DJ Khaled: Grateful Album Review
What I listened with: Wireless Bluetooth Headphones
Editor Rating: 6/10
The Bottom Line: In terms of sales this album is Bonafide hit, but if you want Hip-Hop there is only 3 or 4 songs for you particularly (Billy Ocean, ft Fat Joe & Raekwon).DJ Khaled’s lawyers are the real MVP here for getting everything cleared
Snapchat, Snapchat, Snapchat DJ Khaled is obsessed, but it worked out and the Khaled family has become a marketing machine. Grateful was executive produced by his eight-month-old son, Asahd. To be fair, he’s brought together up the quite star-studded cast; – Nicki Minaj, Drake, Beyoncé, Justin Bieber, Rihanna. Clearly this album is designed for a Spotify playlist consisting of 23 tracks. The Highlight of the album include summer anthem Wild Thoughts (Rihanna luxuriating over Santana’s Maria Maria), Nobody Alicia Keys and Nicki Minaj team on this uplifting anthem, which deploys a Pastor T.L. Barrett sample masterfully. Nearly every song consists of a full sample from a classic song matched with amazing vocals, and song writings. If that isn’t enough we have to deal with Khaled’s inane shout outs of “another one” or “we the best music”, making you yearn for a Khaled-free version.
I don’t like criticizing DJ Khaled, because I love everything Khaled does I even watch his Snapchat almost every day. At this point time if Khaled mentions the name of your business on Snapchat you are guaranteed success. Now this Grateful is sort of loosely comprised like an original DJ Clue tape. A tape you could expect to laced with tracks from Lox, DMX, Nas, CNN, Fabolous and many more. The original playlist. Some of these tapes are actually on Spotify right now, and when I listen to them they are straight fire. When I listen to Grateful I feel cheated, I feel like the hit records were bought not created. I bring up the old DJ Clue mixtapes, because those were raw and timeless. The artists on there were hungry to be on top at the time. With Grateful every artist is on top, and the beats aren’t even original one of the lead singles has a full sample of Maria Maria. Anyone could’ve told you that Wild Thoughts would be a hit, and do you know why. Because, Maria, Maria was a hit when it first came out, and we add arguably the best singer right now with one of the best songwriters.

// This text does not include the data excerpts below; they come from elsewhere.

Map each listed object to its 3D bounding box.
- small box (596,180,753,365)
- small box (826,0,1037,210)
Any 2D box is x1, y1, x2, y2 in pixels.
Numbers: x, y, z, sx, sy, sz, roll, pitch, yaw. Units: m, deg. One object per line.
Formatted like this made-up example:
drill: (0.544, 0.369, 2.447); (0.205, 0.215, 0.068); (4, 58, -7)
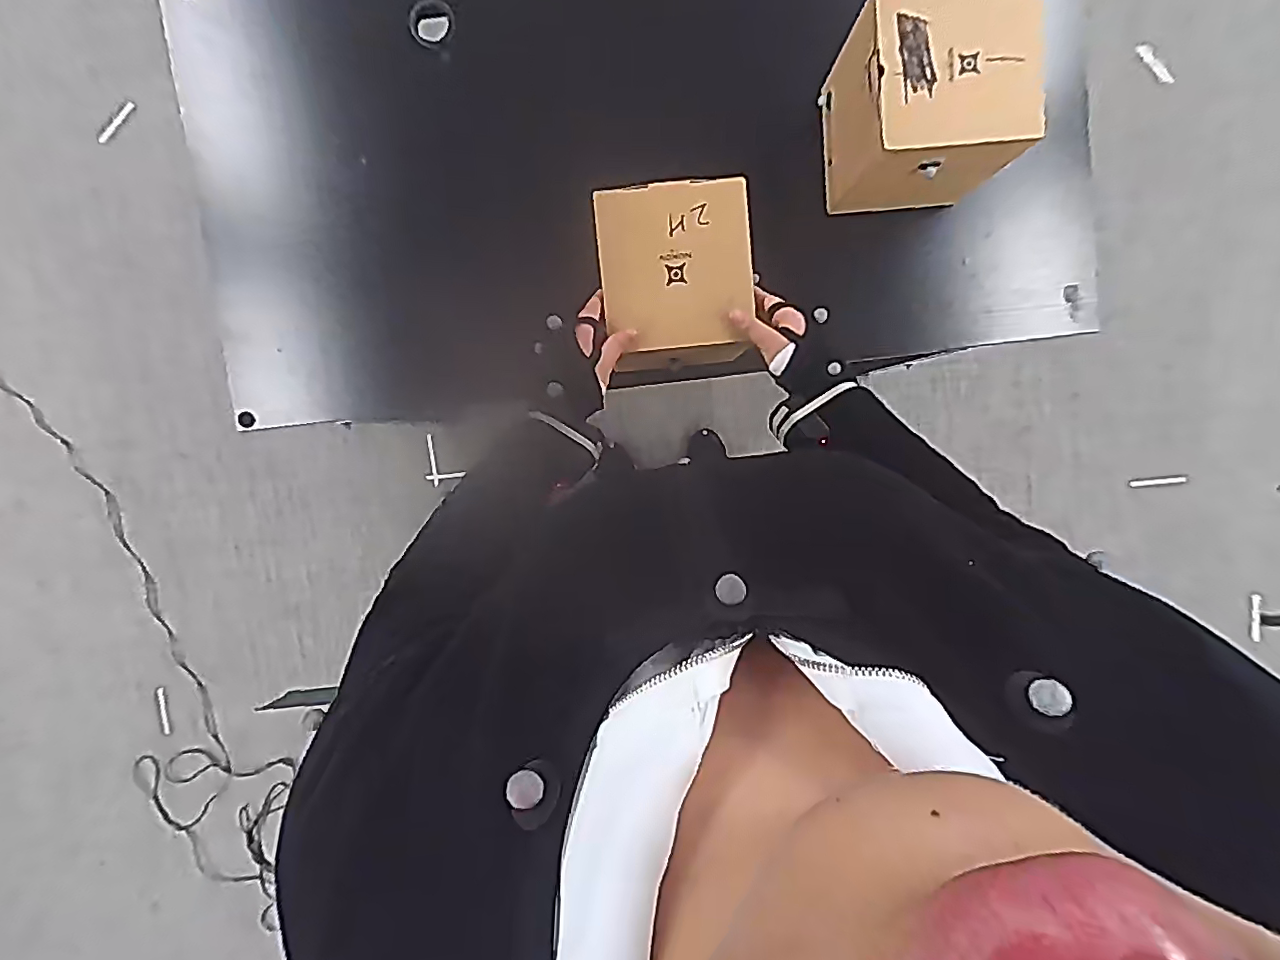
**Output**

Which makes me wonder what do we need Khaled for? Recruiting, is what we need from him.
Generally, Grateful ‘s major guests sound like they’re mailing it in. Migos sound weary on the inert “Major Bag Alert” — are there pop songs without Migos on them these days? — and Chance the Rapper’s rendition of the alphabet song on “I Love You So Much” won’t have much of an audience beyond the pre-K set. (In fact, the latter song is aimed at Chance’s young daughter and Khaled’s 8-month-old son, who executive-produced Grateful and, according to the Khaled, is “the reason all of this magic is happening.”) The second disc, which Khaled loaded with posse cuts featuring Southern trap artists like Future, 2 Chainz, and Gucci Mane, is a slog where none of the MCs tap into the excellence of their recent releases. On many of Grateful’s tracks, Khaled seems to have expended significant effort in recruiting talent and relatively little on soliciting creative performances.
Khaled’s ability to summon music’s Avengers remains unrivaled — Grateful‘s roster easily outstrips the ones Mike Will Made-It and 2 Chainz assembled for their 2017 albums. With his industry connections and cachet, he’s able to unite voices who otherwise might not appear on wax together. But with so much talent and so much content, it’s frustrating that he couldn’t deliver a higher-quality product.